Note that each option (and option argument) must be passed as a separate argument to encode_options because they will not be parsed by the shell (and so additional quotes are not needed).
- $enc->verbose(1);
-
Print some progress information (on STDOUT).
- $enc->debug(1);
-
Activate debugging output (on STDERR).
- $enc->encode(@files_or_directories);
-
Encode one or more input files as a CWB corpus, using the parameter settings of the $enc object. The encode method performs the full encoding cycle, including indexing, compression, and setting access permissions. All input files must be specified at once as subsequent encode calls would overwrite the new corpus. Input files may be compressed with GZip (
.gz
), as supported by cwb-encode.The argument list may also contain directories. In this case, all files with extensions
.vrt
or.vrt.gz
in those directories will automatically be added to the corpus. Note that no recursive search of subdirectories is performed: only files located in the specified directories will be included. - $pipe = $enc->encode_pipe;
-
Open a pipe to the cwb-encode command and return its file handle. This allows some pre-processing of the input by the Perl script (perhaps reading from another pipe), which should print to $pipe in one-word-per-line format.
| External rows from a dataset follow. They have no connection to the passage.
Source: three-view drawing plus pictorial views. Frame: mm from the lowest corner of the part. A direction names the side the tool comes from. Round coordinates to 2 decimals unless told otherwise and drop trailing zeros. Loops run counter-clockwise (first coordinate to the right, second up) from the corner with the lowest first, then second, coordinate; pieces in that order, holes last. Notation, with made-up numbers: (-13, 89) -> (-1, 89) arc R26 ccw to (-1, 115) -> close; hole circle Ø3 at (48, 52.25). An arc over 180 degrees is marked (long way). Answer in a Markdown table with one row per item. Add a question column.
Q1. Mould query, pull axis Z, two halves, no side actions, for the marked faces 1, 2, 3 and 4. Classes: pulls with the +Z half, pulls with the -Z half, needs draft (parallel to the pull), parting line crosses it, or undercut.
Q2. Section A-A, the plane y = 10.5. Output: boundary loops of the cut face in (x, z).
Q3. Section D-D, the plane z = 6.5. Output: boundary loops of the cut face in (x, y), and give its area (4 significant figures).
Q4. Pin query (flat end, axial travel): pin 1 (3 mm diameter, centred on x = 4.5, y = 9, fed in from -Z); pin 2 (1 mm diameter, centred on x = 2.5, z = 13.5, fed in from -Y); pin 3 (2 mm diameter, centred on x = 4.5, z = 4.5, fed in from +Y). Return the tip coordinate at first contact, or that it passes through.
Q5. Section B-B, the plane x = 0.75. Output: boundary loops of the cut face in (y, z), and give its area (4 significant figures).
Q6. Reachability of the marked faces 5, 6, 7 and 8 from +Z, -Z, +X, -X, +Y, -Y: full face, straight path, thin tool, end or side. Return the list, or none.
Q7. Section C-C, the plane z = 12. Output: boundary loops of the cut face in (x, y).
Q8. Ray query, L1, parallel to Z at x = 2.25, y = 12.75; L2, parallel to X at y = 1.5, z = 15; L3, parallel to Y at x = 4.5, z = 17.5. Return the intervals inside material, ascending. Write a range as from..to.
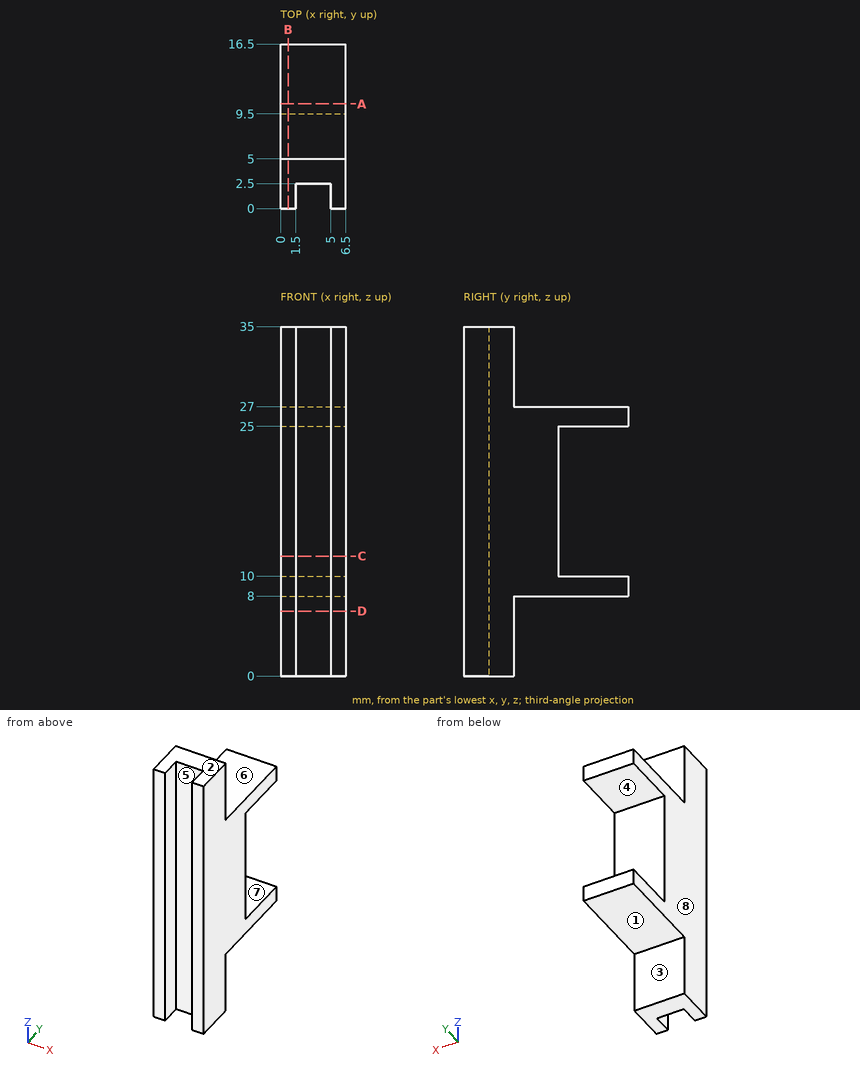
Answer block:
| question | item | result |
|---|---|---|
| 1 | face 1 | pulls with the -Z half |
| 1 | face 2 | pulls with the +Z half |
| 1 | face 3 | needs draft |
| 1 | face 4 | undercut |
| 2 | outline | (0, 8) -> (6.5, 8) -> (6.5, 10) -> (0, 10) -> close; (0, 25) -> (6.5, 25) -> (6.5, 27) -> (0, 27) -> close |
| 3 | outline | (0, 0) -> (1.5, 0) -> (1.5, 2.5) -> (5, 2.5) -> (5, 0) -> (6.5, 0) -> (6.5, 5) -> (0, 5) -> close |
| 3 | area | 23.75 mm^2 |
| 4 | pin 1 | z = 8 |
| 4 | pin 2 | y = 2.5 |
| 4 | pin 3 | y = 5 |
| 5 | outline | (0, 0) -> (5, 0) -> (5, 8) -> (16.5, 8) -> (16.5, 10) -> (9.5, 10) -> (9.5, 25) -> (16.5, 25) -> (16.5, 27) -> (5, 27) -> (5, 35) -> (0, 35) -> close |
| 5 | area | 288.5 mm^2 |
| 6 | face 5 | +Z, -Z, -Y |
| 6 | face 6 | +Z, +X, -X, +Y |
| 6 | face 7 | +X, -X, +Y |
| 6 | face 8 | +Z, -Z, -X, +Y, -Y |
| 7 | outline | (0, 0) -> (1.5, 0) -> (1.5, 2.5) -> (5, 2.5) -> (5, 0) -> (6.5, 0) -> (6.5, 9.5) -> (0, 9.5) -> close |
| 8 | L1 | 8..10, 25..27 |
| 8 | L2 | 0..1.5, 5..6.5 |
| 8 | L3 | 2.5..9.5 |
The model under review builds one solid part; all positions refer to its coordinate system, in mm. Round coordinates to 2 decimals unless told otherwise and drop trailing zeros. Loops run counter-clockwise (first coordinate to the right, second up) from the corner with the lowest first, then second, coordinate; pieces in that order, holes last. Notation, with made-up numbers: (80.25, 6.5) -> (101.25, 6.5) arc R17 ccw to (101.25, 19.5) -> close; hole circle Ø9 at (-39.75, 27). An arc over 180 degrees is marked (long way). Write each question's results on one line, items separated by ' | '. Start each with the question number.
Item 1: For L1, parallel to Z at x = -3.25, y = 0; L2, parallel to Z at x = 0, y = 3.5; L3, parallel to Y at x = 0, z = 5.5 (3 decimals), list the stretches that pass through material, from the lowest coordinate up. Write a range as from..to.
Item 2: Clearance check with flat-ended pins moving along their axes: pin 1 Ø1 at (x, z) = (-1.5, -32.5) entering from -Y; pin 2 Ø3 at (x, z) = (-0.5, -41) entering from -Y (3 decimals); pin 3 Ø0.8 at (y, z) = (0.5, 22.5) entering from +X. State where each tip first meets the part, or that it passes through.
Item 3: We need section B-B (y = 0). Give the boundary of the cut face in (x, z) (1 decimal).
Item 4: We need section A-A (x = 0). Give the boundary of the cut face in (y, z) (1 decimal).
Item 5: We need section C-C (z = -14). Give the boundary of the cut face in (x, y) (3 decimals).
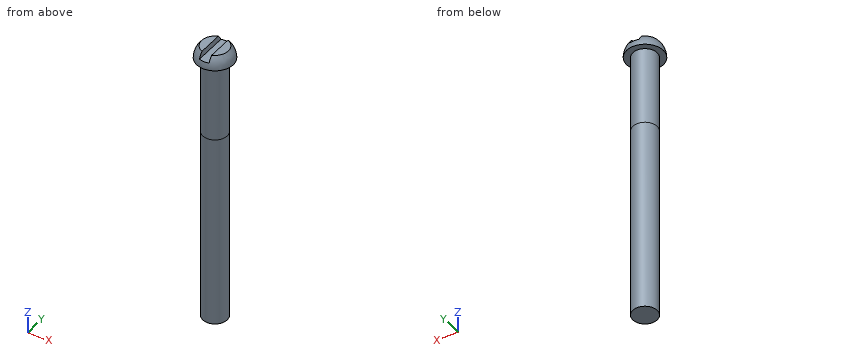
from build123d import *

# Parameters (mm, degrees)
SKETCH1_R               = 3.175
BOSS_EXTRUDE1_DEPTH     = 20.32
REVOLVE1_ANGLE          = 180
CUT_EXTRUDE1_DEPTH      = 8.382
CUT_EXTRUDE1_DEPTH_BACK = 9.398
SKETCH3_W               = 1.756055425
SKETCH3_H               = 11.721669961
SKETCH4_W               = 2.54
SKETCH4_H               = 12.81199514
CUT_EXTRUDE2_DEPTH      = 1.524
BOSS_EXTRUDE2_START     = 50.8
SKETCH5_R               = 3.175
BOSS_EXTRUDE2_DEPTH     = 50.8


with BuildPart() as part:
    # Sketch1 → Boss-Extrude1 (new body)
    with BuildSketch(Plane.XY):
        Circle(SKETCH1_R)
    extrude(amount=BOSS_EXTRUDE1_DEPTH)

    # Sketch2 → Revolve1 (revolve)
    with BuildSketch(Plane.XY.offset(20.32)):
        with BuildLine():
            Line((0, -4.7625), (0, 4.7625))
            ThreePointArc((0, 4.7625), (4.7625, 0), (0, -4.7625))
        make_face()
    revolve(axis=Axis((0, -4.7625, 20.32), (0, -1, 0)), revolution_arc=REVOLVE1_ANGLE)

    # Sketch3 → Cut-Extrude1 (cut, two sides: drawn at the far end of the back side and taken through both)
    with BuildSketch(Plane(origin=(2.54, 0, 0), x_dir=(0, 0, -1), z_dir=(1, 0, 0)).offset(-CUT_EXTRUDE1_DEPTH_BACK)):
        with Locations((-24.463510257, -1.014387128)):
            Rectangle(SKETCH3_W, SKETCH3_H)
    extrude(amount=CUT_EXTRUDE1_DEPTH + CUT_EXTRUDE1_DEPTH_BACK, mode=Mode.SUBTRACT)

    # Sketch4 → Cut-Extrude2 (cut)
    with BuildSketch(Plane.XY.offset(23.585482544)):
        with Locations((0, -0.792879604)):
            Rectangle(SKETCH4_W, SKETCH4_H)
    extrude(amount=-CUT_EXTRUDE2_DEPTH, mode=Mode.SUBTRACT)

    # Sketch5 → Boss-Extrude2 (add)
    with BuildSketch(Plane(origin=(0, 0, 0), x_dir=(-1, 0, 0), z_dir=(0, 0, -1)).offset(BOSS_EXTRUDE2_START)):
        Circle(SKETCH5_R)
    extrude(amount=-BOSS_EXTRUDE2_DEPTH)


solid = part.part
Here are the results:
1) L1: z = 20.32..23.59 | L2: z = 20.32..22.06 | L3: y = -3.175..3.175
2) pin 1: stops at y = -3.01 | pin 2: stops at y = -3.175 | pin 3: stops at x = 4.39
3) outline: (-4.8, 20.3) -> (-3.2, 20.3) -> (-3.2, -50.8) -> (3.2, -50.8) -> (3.2, 20.3) -> (4.8, 20.3) arc R4.8 ccw to (3.5, 23.6) -> (1.3, 23.6) -> (1.3, 22.1) -> (-1.3, 22.1) -> (-1.3, 23.6) -> (-3.5, 23.6) arc R4.8 ccw to start
4) outline: (-4.8, 20.3) -> (-3.2, 20.3) -> (-3.2, -50.8) -> (3.2, -50.8) -> (3.2, 20.3) -> (4.8, 20.3) arc R4.8 ccw to (4.4, 22.1) -> (-4.4, 22.1) arc R4.8 ccw to start
5) outline: circle Ø6.35 at (0, 0)
Verification items for the finished model (mm, model axes). A direction names the side the tool comes from. Give positions to 0.01 mm unless a question says otherwise; leave off trailing zeros. Order: outer loops, then holes, each group sorted by start corner. A loop starts at its lowest first (then second) coordinate and runs counter-clockwise, first axis right, second up. Notation, with made-up numbers: (17, 48.5) - (66, 48.5) arc R15 ccw to (66, 63.5) - close; hole circle Ø1 at (-22, 77). An arc over 180 degrees is marked (long way). Answer as a JSON object with one key per item and string values.
```python
from build123d import *

# Parameters (mm, degrees)
ESQUISSE1_R             = 1.5
BOSS_EXTRU_1_DEPTH      = 5
ENL_V_MAT_EXTRU_1_DEPTH = 10


with BuildPart() as part:
    # Esquisse1 → Boss.-Extru.1 (new body)
    with BuildSketch(Plane.XY):
        with BuildLine():
            Line((14.474115402, 4.43614094), (43.066204977, 20.822692822))
            ThreePointArc((43.066204977, 20.822692822), (67.033056957, 20.765489165), (79, 0))
            ThreePointArc((79, 0), (70, -9), (61, 0))
            ThreePointArc((61, 0), (58.008264239, 5.191372291), (52.016551244, 5.205673206))
            Line((52.016551244, 5.205673206), (23.424461669, -11.180878677))
            ThreePointArc((23.424461669, -11.180878677), (7.285507399, -13.986910655), (-6.894399988, -5.785088487))
            ThreePointArc((-6.894399988, -5.785088487), (-5.785088487, 6.894399988), (6.894399988, 5.785088487))
            ThreePointArc((6.894399988, 5.785088487), (10.439376835, 3.734632945), (14.474115402, 4.43614094))
        make_face()
        with Locations((70, 0)):
            Circle(ESQUISSE1_R, mode=Mode.SUBTRACT)
        Circle(ESQUISSE1_R, mode=Mode.SUBTRACT)
    extrude(amount=BOSS_EXTRU_1_DEPTH)

    # Esquisse2 → Enlèv. mat.-Extru.1 (cut)
    with BuildSketch(Plane.XY.offset(5)):
        with BuildLine():
            ThreePointArc((4.401541671, -13.287300689), (18.082976377, -6.617066031), (33.265702076, -5.540717398))
            ThreePointArc((33.265702076, -5.540717398), (20.118574556, -14.201807608), (4.401541671, -13.287300689))
        make_face()
    extrude(amount=-ENL_V_MAT_EXTRU_1_DEPTH, mode=Mode.SUBTRACT)


solid = part.part
```
(1) Gauge pin test, flat ends, axial feed: pin 1 Ø2.5 at (x, y) = (0, 0) entering from +Z; pin 2 Ø1.5 at (x, y) = (40.5, 11.5) entering from -Z; pin 3 Ø2 at (x, z) = (35, 3.5) entering from +Y. Record the tip position at first contact, or that the pin passes through.
Computed values:
{"pin 1": "passes through", "pin 2": "stops at z = 0", "pin 3": "stops at y = 16.77"}
(2) Release check for a two-part mould opening along X. For faces 4 (the cylindrical face through (17.876, -6.673, 2.535)), 5 (the cylindrical face through (-1.71, -10.4, 2.46)), 6 (the flat face through (36, 6, 0)) record: pulls with the +X half, pulls with the -X half, needs draft (parallel to the pull), parting line crosses it, or undercut.
Computed values:
{"face 4": "undercut", "face 5": "pulls with the -X half", "face 6": "needs draft"}
(3) Material ranges on line 1 along Y through (x, z) = (70, 3.65) (3 decimals); line 2 along X through (y, z) = (2, 0.4); line 3 along X through (y, z) = (3.5, 4.55), recorded low to high. Write a range as [from, to].
Computed values:
{"line 1": "y = [-9, -1.5], [1.5, 18.735]", "line 2": "x = [-8.77, 46.42], [60.66, 78.92]", "line 3": "x = [-8.29, 49.04], [59.87, 78.74]"}
(4) Access from +Z, -Z, +X, -X, +Y, -Y to the whole of each face (thin tool, end or side, straight path). Record for faces 1 (the cylindrical face through (-1.5, 0.07, 2.46)), 2 (the flat face through (28.57, 12.515, 2.465)), 3 (the flat face through (42.772, -0.092, 2.465)).
Computed values:
{"face 1": "+Z, -Z", "face 2": "+Z, -Z, +Y", "face 3": "+Z, -Z, -Y"}
(5) Section check C-C (x = 0). Record the cut outline in (y, z), then the cut area to 3 significant figures.
Computed values:
{"outline": "(-11.43, 0) - (-1.5, 0) - (-1.5, 5) - (-11.43, 5) - close; (1.5, 0) - (9, 0) - (9, 5) - (1.5, 5) - close", "area": "87.1 mm²"}
(6) Section check B-B (z = 4.15). Record the cut outline in (x, y), then the cut area to 3 significant figures.
Computed values:
{"outline": "(-6.89, -5.79) arc R24 ccw to (4.4, -13.29) arc R40 cw to (33.27, -5.54) - (52.02, 5.21) arc R6 cw to (61, 0) arc R9 ccw to (79, 0) arc R24 ccw to (43.07, 20.82) - (14.47, 4.44) arc R6 cw to (6.89, 5.79) arc R9 ccw to start; hole circle Ø3 at (0, 0); hole circle Ø3 at (70, 0)", "area": "1,650 mm²"}
(7) Section check A-A (x = 70). Record the cut outline in (y, z) (3 decimals).
Computed values:
{"outline": "(-9, 0) - (-1.5, 0) - (-1.5, 5) - (-9, 5) - close; (1.5, 0) - (18.735, 0) - (18.735, 5) - (1.5, 5) - close"}
(8) Section check D-D (y = -10). Record the cut outline in (x, z).
Computed values:
{"outline": "(-2.3, 0) - (9.55, 0) - (9.55, 5) - (-2.3, 5) - close"}
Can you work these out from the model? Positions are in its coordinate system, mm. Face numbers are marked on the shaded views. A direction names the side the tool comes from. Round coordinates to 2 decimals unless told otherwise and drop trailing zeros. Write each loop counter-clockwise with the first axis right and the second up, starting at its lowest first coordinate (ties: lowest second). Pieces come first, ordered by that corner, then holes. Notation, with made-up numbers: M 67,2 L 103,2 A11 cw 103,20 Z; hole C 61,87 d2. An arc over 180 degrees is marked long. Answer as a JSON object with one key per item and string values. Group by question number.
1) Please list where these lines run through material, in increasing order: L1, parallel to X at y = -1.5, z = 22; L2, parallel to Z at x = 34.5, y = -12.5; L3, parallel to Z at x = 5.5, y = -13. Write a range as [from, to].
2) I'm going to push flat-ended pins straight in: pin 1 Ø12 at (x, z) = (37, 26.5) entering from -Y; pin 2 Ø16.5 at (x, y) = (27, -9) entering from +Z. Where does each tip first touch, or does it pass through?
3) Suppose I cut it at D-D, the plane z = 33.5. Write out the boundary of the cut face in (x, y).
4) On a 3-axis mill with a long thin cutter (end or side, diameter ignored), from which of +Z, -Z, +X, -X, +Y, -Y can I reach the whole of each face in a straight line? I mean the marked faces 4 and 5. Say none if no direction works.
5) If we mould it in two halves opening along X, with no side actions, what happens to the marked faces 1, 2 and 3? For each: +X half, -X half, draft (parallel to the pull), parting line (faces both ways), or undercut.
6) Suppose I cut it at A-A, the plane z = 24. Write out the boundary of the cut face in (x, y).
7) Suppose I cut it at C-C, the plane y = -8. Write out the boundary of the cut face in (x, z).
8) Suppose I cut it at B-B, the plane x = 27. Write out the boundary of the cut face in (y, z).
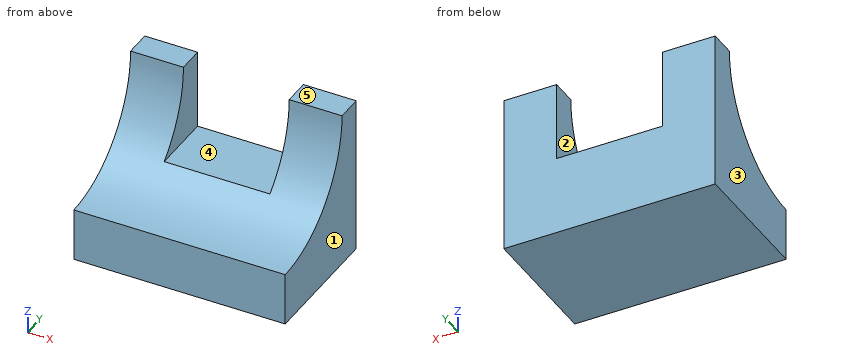
from build123d import *

# Parameters (mm, degrees)
F0_W     = 50.8
F0_H     = 38.1
F1_DEPTH = 31.75
F2_W     = 25.4
F2_H     = 19.05
F3_DEPTH = 31.751
F5_DEPTH = 50.8


with BuildPart() as f1:
    # F0 (on Front) → F1 (new body)
    with BuildSketch(Plane.XZ):
        with Locations((25.4, 19.05)):
            Rectangle(F0_W, F0_H)
    extrude(amount=F1_DEPTH)

    # F2 (on face) → F3 (cut, through all)
    with BuildSketch(Plane.XZ.offset(31.75)):
        with Locations((25.4, 28.575)):
            Rectangle(F2_W, F2_H)
    extrude(amount=-F3_DEPTH, mode=Mode.SUBTRACT)

    # F4 (on face) → F5 (cut)
    with BuildSketch(Plane.YZ.offset(50.8)):
        with BuildLine():
            ThreePointArc((-31.75, 12.7), (-13.789488, 20.139488), (-6.35, 38.1))
            Line((-6.35, 38.1), (-31.75, 38.1))
            Line((-31.75, 38.1), (-31.75, 12.7))
        make_face()
        with BuildLine():
            Line((-31.75, 38.1), (-6.35, 38.1))
            ThreePointArc((-6.35, 38.1), (-49.710512, 56.060512), (-31.75, 12.7))
            Line((-31.75, 12.7), (-31.75, 38.1))
        make_face()
    extrude(amount=-F5_DEPTH, mode=Mode.SUBTRACT)


solid = f1.part
Results:
{
 "1": {"L1": "[0, 12.7], [38.1, 50.8]", "L2": "[0, 19.05]", "L3": "[0, 20.97]"},
 "2": {"pin 1": "y = -13.34", "pin 2": "z = 19.05"},
 "3": {"outline": "M 0,-6.77 L 12.7,-6.77 L 12.7,0 L 0,0 Z; M 38.1,-6.77 L 50.8,-6.77 L 50.8,0 L 38.1,0 Z"},
 "4": {"face 4": "+Z, +Y, -Y", "face 5": "+Z, +X, -X, +Y, -Y"},
 "5": {"face 1": "+X half", "face 2": "undercut", "face 3": "-X half"},
 "6": {"outline": "M 0,-10.62 L 12.7,-10.62 L 12.7,0 L 0,0 Z; M 38.1,-10.62 L 50.8,-10.62 L 50.8,0 L 38.1,0 Z"},
 "7": {"outline": "M 0,0 L 50.8,0 L 50.8,29.09 L 38.1,29.09 L 38.1,19.05 L 12.7,19.05 L 12.7,29.09 L 0,29.09 Z"},
 "8": {"outline": "M -31.75,0 L 0,0 L 0,19.05 L -14.95,19.05 A25.4 cw -31.75,12.7 Z"}
}
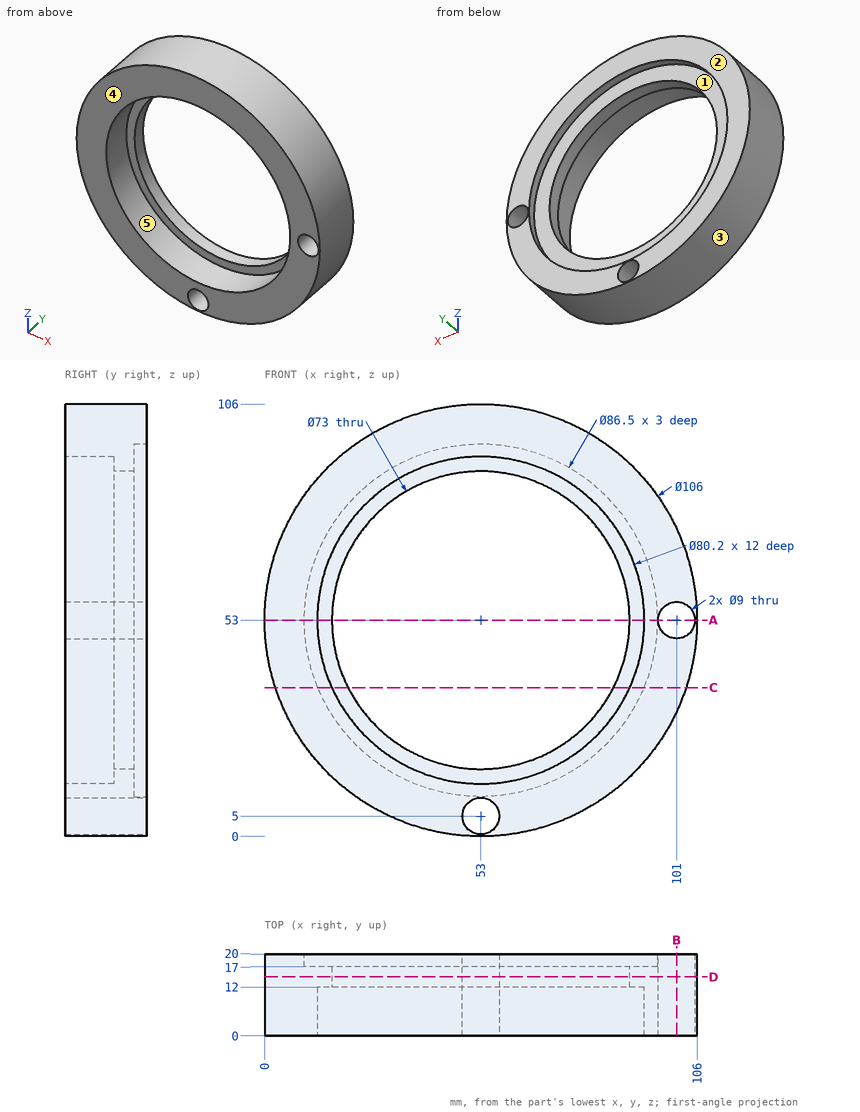
Part print with two shaded views. Sizes in mm from the minimum x, y, z corner. A direction names the side the tool comes from. Round coordinates to 2 decimals unless told otherwise and drop trailing zeros. Order: outer loops, then holes, each group sorted by start corner. A loop starts at its lowest first (then second) coordinate and runs counter-clockwise, first axis right, second up. Notation, with made-up numbers: M 74,-33.5 L 82,-33.5 A7 cw 82,-24.5 Z; hole C -18,12.25 d1. An arc over 180 degrees is marked long. Answer in a Markdown table with one row per item. Add a question column.
Q1. Cut at A-A on z = 53. Give the cut face in (x, y), and give its area (3 significant figures).
Q2. Cut at C-C on z = 36.5. Give the cut face in (x, y), and give its area (3 significant figures).
Q3. Cut at B-B on x = 101. Give the cut face in (y, z), and give its area (3 significant figures).
Q4. 3-axis set-ups, long thin cutter, end or side, ignore diameter. For the marked faces 1 and 2: which of +Z, -Z, +X, -X, +Y, -Y reach the whole face in a straight line?
Q5. Pin check, flat tips, straight feed: pin 1 (12 mm diameter, centred on y = 17, z = 76.5, fed in from +X); pin 2 (8 mm diameter, centred on x = 48, z = 86.5, fed in from -Y); pin 3 (5.5 mm diameter, centred on x = 53, z = 5, fed in from -Y); pin 4 (12 mm diameter, centred on x = 35.5, y = 17, fed in from -Z). Stop position of each tip, or through.
Q6. Wall check: L1, parallel to Z at x = 53, y = 9; L2, parallel to X at y = 18.15, z = 53; L3, parallel to Z at x = 53, y = 18.05. Give the ranges that are in metal, low to high. Write a range as from..to.
Q7. Cut at D-D on y = 14.5. Give the cut face in (x, z), and give its area (3 significant figures).
Q8. Mould opens along X. For the marked faces 3, 4 and 5 say: +X half, -X half, draft (parallel to the pull), parting line (faces both ways), or undercut.
Established:
| question | item | result |
|---|---|---|
| 1 | outline | M 0,0 L 12.9,0 L 12.9,12 L 16.5,12 L 16.5,17 L 9.75,17 L 9.75,20 L 0,20 Z; M 89.5,12 L 93.1,12 L 93.1,0 L 96.5,0 L 96.5,20 L 96.25,20 L 96.25,17 L 89.5,17 Z; M 105.5,0 L 106,0 L 106,20 L 105.5,20 Z |
| 1 | area | 353 mm2 |
| 2 | outline | M 2.63,0 L 16.45,0 L 16.45,12 L 20.44,12 L 20.44,17 L 13.02,17 L 13.02,20 L 2.63,20 Z; M 85.56,12 L 89.55,12 L 89.55,0 L 103.37,0 L 103.37,20 L 92.98,20 L 92.98,17 L 85.56,17 Z |
| 2 | area | 572 mm2 |
| 3 | outline | M 0,30.53 L 20,30.53 L 20,48.5 L 0,48.5 Z; M 0,57.5 L 20,57.5 L 20,75.47 L 0,75.47 Z |
| 3 | area | 719 mm2 |
| 4 | face 1 | +Y |
| 4 | face 2 | +Z, -Z, +X, -X, +Y |
| 5 | pin 1 | stops at x = 103.03 |
| 5 | pin 2 | stops at y = 12 |
| 5 | pin 3 | passes through |
| 5 | pin 4 | stops at z = 1.26 |
| 6 | L1 | z = 0..0.5, 9.5..12.9, 93.1..106 |
| 6 | L2 | x = 0..9.75, 96.25..96.5, 105.5..106 |
| 6 | L3 | z = 0..0.5, 9.5..9.75, 96.25..106 |
| 7 | outline | C 53,53 d106; hole C 53,53 d73; hole C 53,5 d9; hole C 101,53 d9 |
| 7 | area | 4,510 mm2 |
| 8 | face 3 | parting line |
| 8 | face 4 | draft |
| 8 | face 5 | undercut |

Note that the file handle $pipe must not be closed by the Perl script (see the close_pipe method below).
- $enc->close_pipe;
-
After opening an encode pipe with the encode_pipe method and printing the input text to this pipe, the close_pipe method has to be called to close the pipe and trigger the post-encoding steps (indexing, compression, and access permissions). When the close_pipe method returns, the corpus has been encoded successfully.
COPYRIGHT
Copyright (C) 2002-2022 Stephanie Evert [https://purl.org/stephanie.evert]
This software is provided AS IS and the author makes no warranty as to its use and performance. You may use the software, redistribute and modify it under the same terms as Perl itself.